Based on calculations from Figure 3II–III, the cytotoxic index (IC₅₀) of AgNP-treated MDA-MB-468 cells without laser treatment was observed to be 7.82% and 3.91% with laser treatment after a 72-h incubation. Moreover, MDA-MD-468 cells treated with AgNPs and stimulated by laser treatment were double-stained with calcein-AM/propidium iodide (PI). The stained control MDA-MD-468 cells (non-treated and laser-treated AgNPs) (Figure 3i), AgNP-treated MDA-MD-468 cells (Figure 3ii), and AgNP-treated laser-stimulated MDA-MD-468 cells (Figure 3iii) were observed under an inverted fluorescent microscope to distinguish between dead and alive cells. Uniform green fluorescence (excitation/emission, 495 nm/515 nm) due to polyanionic calcein binding with double-stranded DNA in living cells was observed (Figure 3i). Surviving cells were intact with DNA and green nuclei due to the fragmentation of early apoptotic cells. Late apoptotic and necrotic cell DNA was fragmented and stained red. Some red color is observed in Figure 3ii. Conversely, Figure 3iii) shows red color (cell death) due to the destruction of breast cancer cells after the addition of AgNPs and laser treatment. PI penetrates cells with damaged membranes and binds to single-stranded DNA, leading to bright red fluorescence (excitation/emission, 530 nm/635 nm) in dead cells (Figure 3ii–iii).

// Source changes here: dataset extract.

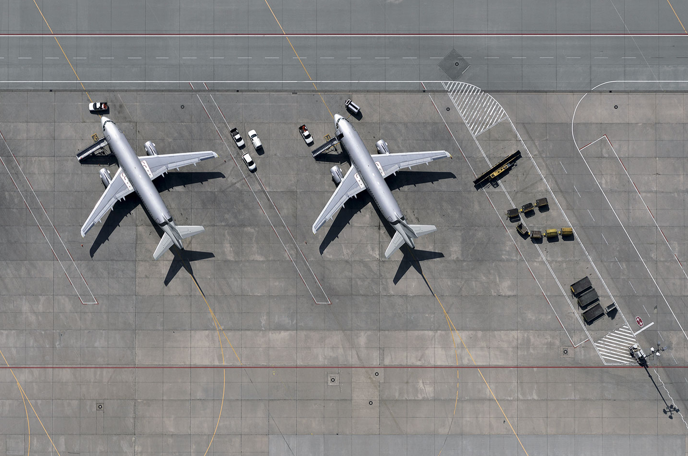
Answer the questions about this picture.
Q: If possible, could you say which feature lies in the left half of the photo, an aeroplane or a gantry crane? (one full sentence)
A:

Spherical AgNPs (12 nm) were synthesized by the PLAL technique. Breast cancer cells were treated with 1.56%–6.25% concentrated AgNPs and stimulated by a 532-nm Q-switched Nd:YAG pulsed laser. The cell viability decreased more dramatically after laser treatment (from 74.86% to 15.11%) compared to without laser treatment (from 80.96% to 28.10%). Therefore, it can be concluded that laser-stimulated AgNPs have the potential to be good photothermal agents that can destroy breast cancer cells by hyperthermic effects without encouraging them to revert to normal slender morphology. The novelty of this research was observed by the reduction in cell viability of breast cancer cells and cell morphology changes after treatment with AgNPs and stimulation by 0.52 J/mm² of a Q-switched Nd:YAG pulsed laser at 532 nm.

Disclosures　The authors declare that they have no conflict of interest.

Acknowledgement　We also thank Mybrain15 MyPhD as a scholarship sponsor for the first author.